Middle East

Pope Francis calls for peace in the Middle East

Before giving the “Urbi et Orbi” blessing, Pope Francis once again urged an end to wars in the world in his Christmas message. In the Middle East, dialogue must bring a lasting solution.

The sky was cloudy as Pope Francis entered the central loggia of St. Peter’s Basilica. Because of his severe knee problem, this time he gave his speech sitting down.

Right at the beginning, Francis mentioned Bethlehem, the birthplace of Jesus. The eyes and hearts of Christians all over the world are focused on Bethlehem. Where there was pain and silence, the Savior was born, Christ the Lord. With urgent words, Francis appealed for peace in Israel and Palestine, where the war is shaking the lives of these peoples.

He recalled the attack by the terrorist organization Hamas and the massive counterattacks by Israel:

My heart mourns for the victims of the despicable attack of October 7th and I reiterate my urgent appeal for the release of those still held hostage. I beg that the military operations, with their horrific consequences of innocent civilian casualties, be stopped and that something be done about the desperate humanitarian situation by allowing aid to arrive.

No alternative to peace

We should not continue to foment violence and hatred, but rather lead the Palestinian question to a solution, said the Pope: “Through a sincere and persistent dialogue between the parties, which is supported by a strong political will and by the support of the international community .”

Throughout his speech, the church leader made it clear that there was no alternative to peace. With the birth of the baby Jesus, the Prince of Peace came.
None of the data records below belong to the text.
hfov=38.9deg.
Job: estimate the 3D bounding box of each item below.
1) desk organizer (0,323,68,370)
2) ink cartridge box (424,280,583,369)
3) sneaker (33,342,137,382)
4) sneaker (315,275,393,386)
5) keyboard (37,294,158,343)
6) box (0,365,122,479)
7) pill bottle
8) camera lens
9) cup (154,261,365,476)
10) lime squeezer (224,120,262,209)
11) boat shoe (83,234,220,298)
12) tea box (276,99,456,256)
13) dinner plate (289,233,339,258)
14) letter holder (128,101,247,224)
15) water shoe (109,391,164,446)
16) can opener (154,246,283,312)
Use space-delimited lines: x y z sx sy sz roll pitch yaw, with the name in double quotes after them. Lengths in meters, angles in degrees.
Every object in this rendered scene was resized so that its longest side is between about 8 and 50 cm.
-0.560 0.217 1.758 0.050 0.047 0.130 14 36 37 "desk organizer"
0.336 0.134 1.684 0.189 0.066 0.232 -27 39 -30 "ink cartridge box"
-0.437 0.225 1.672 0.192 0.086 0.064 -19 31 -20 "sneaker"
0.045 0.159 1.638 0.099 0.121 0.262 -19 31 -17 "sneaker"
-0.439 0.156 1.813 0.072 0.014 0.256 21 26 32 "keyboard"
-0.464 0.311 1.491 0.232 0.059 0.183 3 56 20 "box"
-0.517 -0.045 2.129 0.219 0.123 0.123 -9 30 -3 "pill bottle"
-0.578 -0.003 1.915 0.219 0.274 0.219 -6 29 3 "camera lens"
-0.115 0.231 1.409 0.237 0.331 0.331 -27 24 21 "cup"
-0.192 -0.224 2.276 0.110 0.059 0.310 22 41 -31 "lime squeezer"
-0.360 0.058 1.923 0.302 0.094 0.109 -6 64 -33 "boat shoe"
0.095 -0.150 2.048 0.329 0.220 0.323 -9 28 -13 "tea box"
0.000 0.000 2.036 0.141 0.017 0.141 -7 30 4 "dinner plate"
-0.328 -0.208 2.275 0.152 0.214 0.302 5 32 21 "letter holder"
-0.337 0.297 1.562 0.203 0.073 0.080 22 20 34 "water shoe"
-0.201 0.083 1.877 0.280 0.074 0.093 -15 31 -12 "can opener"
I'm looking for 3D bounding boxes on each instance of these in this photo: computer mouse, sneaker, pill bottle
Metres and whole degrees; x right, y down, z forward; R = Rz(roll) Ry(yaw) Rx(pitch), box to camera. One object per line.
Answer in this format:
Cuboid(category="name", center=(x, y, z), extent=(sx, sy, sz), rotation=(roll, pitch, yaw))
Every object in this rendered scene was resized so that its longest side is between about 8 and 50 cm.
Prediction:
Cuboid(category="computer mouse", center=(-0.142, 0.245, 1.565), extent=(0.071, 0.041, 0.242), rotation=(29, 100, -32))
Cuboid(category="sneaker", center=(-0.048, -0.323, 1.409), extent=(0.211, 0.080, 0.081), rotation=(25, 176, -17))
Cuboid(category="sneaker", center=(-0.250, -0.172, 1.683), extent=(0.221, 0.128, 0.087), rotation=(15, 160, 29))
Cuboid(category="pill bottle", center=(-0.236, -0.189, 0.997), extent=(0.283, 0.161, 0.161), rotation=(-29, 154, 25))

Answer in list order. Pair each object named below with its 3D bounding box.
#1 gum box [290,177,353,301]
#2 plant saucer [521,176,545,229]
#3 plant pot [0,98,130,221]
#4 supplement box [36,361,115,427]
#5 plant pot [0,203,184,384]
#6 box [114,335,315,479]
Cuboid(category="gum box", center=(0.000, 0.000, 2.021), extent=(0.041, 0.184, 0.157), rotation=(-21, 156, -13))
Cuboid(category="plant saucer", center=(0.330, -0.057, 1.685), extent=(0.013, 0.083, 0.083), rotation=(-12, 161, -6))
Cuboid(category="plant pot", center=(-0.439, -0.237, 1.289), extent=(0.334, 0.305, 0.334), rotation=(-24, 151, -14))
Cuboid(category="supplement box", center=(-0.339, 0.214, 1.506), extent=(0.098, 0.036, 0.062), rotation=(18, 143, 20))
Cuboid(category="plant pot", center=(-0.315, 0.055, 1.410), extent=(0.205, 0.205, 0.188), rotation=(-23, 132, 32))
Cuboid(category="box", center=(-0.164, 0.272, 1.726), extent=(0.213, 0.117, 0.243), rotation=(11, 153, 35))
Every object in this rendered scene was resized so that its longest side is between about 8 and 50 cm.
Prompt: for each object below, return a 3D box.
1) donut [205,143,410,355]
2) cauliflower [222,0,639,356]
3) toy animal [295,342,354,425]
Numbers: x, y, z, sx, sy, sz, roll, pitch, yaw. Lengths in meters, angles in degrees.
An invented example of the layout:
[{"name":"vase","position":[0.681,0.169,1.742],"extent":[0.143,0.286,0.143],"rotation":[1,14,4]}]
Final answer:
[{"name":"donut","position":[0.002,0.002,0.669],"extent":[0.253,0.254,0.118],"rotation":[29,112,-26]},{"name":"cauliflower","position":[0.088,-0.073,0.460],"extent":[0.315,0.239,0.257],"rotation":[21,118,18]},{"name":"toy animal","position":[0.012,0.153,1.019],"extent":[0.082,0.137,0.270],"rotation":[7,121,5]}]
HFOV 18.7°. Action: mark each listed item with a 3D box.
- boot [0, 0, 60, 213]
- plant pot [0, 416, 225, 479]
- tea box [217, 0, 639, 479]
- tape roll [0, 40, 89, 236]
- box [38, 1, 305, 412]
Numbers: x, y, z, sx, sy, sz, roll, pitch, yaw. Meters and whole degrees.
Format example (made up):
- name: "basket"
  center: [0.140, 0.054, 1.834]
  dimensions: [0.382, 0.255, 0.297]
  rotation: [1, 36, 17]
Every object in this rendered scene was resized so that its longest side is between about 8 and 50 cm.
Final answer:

A “yes” to him means a “no” to war – any war. On the logic of war itself, which is a journey without a destination, a defeat without a winner and madness and for which there is no excuse.

Strong appeal against the arms industry

The “no” to war includes the “no” to weapons, said the Pope. He strongly condemned the production, sale and trade of weapons:

The people who don’t want weapons but bread, who struggle to make ends meet and ask for peace, don’t know how much public money is spent on armaments. But they should know. We should talk about it, we should write about it, so that the interests and profits that are the masterminds of wars become known.
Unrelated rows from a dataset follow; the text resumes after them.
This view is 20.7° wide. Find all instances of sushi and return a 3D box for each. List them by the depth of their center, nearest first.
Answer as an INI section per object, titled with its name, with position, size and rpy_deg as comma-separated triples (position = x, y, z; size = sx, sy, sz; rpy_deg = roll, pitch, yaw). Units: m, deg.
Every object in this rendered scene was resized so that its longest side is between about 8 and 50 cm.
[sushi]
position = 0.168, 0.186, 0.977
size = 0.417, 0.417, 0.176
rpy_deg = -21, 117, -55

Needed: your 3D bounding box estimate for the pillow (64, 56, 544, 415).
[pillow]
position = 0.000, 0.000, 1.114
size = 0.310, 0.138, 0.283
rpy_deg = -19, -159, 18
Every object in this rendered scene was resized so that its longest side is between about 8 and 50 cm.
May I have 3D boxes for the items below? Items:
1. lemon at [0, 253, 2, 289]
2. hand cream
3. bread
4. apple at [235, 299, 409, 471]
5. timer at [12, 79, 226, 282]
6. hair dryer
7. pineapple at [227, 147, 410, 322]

Make the “voice of the innocent” heard

The 87-year-old pontiff also recalled the suffering of people in many other regions of the world. He spoke of the plagued Syria, of Yemen, of the conflicts in the Sahel, in Sudan, in Cameroon. With regard to Ukraine, Francis said, he prayed for peace and once again expressed spiritual and human closeness to the tormented people.
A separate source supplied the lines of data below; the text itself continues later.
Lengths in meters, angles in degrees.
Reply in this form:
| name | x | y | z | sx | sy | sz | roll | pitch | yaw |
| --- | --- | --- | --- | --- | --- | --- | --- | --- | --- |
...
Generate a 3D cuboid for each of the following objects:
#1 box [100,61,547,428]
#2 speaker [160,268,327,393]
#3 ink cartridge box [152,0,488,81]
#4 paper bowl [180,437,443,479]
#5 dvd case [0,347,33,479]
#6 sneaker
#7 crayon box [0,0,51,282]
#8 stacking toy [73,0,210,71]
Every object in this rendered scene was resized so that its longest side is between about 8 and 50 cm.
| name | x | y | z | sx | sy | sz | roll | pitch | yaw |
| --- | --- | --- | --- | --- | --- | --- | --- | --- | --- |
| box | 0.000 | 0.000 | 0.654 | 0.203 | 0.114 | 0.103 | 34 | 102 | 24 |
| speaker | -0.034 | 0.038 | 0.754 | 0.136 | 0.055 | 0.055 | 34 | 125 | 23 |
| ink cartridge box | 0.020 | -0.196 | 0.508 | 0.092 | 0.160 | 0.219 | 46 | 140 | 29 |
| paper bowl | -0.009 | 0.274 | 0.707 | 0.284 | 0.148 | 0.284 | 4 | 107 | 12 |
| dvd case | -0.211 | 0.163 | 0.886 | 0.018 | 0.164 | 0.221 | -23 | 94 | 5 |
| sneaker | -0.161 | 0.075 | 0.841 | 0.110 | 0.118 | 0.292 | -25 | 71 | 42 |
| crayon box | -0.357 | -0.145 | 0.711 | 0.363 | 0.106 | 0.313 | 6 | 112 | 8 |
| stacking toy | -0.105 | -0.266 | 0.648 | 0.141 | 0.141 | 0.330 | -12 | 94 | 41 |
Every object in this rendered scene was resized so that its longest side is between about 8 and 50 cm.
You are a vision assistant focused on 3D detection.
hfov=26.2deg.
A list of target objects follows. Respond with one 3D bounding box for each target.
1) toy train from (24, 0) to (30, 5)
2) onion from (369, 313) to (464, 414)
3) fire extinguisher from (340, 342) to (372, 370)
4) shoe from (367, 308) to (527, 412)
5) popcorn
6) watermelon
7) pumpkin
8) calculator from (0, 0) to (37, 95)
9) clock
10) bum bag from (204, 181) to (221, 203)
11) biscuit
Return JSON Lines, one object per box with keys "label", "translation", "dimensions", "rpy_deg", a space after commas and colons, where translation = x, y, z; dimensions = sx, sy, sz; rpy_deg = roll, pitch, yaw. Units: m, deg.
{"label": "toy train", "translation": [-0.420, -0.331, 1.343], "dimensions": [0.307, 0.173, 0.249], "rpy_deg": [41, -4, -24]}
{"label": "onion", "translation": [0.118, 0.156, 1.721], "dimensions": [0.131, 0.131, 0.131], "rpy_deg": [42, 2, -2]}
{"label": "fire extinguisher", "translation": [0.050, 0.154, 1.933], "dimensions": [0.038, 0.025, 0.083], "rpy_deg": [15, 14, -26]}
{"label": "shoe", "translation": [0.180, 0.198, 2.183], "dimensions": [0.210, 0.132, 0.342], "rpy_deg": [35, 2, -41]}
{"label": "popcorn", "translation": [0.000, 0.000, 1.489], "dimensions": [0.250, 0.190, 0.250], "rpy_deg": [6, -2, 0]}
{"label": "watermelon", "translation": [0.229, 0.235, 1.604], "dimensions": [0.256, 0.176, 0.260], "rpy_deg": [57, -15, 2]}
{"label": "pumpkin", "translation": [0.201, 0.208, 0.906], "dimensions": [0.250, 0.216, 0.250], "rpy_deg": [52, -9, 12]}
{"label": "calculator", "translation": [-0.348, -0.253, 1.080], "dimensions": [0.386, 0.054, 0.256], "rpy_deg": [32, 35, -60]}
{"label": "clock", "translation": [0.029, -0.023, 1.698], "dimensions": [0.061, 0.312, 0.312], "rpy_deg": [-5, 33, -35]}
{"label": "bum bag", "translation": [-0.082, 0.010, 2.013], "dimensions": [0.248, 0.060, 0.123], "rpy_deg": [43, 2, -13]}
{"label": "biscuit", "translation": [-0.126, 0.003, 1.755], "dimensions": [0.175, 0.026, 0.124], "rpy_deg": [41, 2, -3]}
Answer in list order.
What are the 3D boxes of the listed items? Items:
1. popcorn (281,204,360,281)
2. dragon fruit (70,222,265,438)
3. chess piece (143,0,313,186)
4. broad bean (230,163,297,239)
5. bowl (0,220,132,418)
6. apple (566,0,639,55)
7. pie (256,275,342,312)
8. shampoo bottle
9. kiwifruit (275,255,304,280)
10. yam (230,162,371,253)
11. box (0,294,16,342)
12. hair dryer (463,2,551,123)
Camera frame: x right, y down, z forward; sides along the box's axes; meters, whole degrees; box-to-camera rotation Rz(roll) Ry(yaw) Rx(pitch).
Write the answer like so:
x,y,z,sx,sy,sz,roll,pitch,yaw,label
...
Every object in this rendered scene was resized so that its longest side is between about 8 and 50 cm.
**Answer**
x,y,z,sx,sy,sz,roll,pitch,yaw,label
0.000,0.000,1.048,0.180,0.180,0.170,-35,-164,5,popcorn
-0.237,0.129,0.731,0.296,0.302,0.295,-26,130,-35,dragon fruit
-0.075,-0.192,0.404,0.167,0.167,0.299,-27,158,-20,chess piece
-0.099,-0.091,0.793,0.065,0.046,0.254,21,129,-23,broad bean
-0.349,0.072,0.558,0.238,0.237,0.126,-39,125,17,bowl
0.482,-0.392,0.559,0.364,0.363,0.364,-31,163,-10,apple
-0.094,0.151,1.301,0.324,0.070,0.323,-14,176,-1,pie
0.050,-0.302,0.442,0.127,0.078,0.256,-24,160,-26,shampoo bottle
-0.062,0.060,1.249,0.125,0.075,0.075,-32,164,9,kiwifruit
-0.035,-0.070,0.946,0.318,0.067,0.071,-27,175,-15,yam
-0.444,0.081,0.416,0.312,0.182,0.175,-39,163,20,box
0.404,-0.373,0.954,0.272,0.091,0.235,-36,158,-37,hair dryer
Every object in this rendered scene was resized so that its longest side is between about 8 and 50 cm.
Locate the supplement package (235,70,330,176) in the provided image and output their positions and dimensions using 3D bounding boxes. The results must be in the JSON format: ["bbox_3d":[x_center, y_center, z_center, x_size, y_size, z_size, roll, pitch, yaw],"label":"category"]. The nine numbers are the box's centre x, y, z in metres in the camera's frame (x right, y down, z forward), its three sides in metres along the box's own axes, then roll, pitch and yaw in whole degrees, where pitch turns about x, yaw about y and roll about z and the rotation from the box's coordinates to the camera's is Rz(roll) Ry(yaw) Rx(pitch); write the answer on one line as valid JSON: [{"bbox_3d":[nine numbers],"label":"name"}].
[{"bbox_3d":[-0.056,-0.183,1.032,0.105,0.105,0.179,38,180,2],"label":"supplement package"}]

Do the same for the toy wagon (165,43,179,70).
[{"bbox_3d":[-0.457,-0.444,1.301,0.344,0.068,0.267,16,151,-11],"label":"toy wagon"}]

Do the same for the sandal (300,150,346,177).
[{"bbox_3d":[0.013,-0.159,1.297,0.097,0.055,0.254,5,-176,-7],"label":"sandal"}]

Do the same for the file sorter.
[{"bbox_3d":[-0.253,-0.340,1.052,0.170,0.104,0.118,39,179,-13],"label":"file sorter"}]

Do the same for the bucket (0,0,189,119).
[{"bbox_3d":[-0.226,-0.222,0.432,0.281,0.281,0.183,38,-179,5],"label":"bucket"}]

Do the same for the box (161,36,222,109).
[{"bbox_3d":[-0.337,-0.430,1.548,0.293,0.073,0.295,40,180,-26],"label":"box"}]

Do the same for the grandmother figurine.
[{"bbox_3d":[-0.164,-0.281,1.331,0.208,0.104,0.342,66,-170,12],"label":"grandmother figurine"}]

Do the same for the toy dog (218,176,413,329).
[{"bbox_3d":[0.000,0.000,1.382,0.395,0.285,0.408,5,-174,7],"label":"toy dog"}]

In his Christmas message, the Pope called for people not to forget those who have no voice. Such as those who are starving or on the run: “The voice of the innocent who have died for lack of water and bread. The voice of those who cannot find work or have lost it. The voice of those who are forced , fleeing their homeland in search of a better future, risking their lives on grueling journeys and being at the mercy of unscrupulous human traffickers.”

At the same time, the Pope made it clear that the message of Jesus’ birth was a sign of hope. The light of God has triumphed, one can rejoice in grace. After his address, he gave the Catholic Church’s highest blessing, “Urbi et Orbi”, as usual in Latin.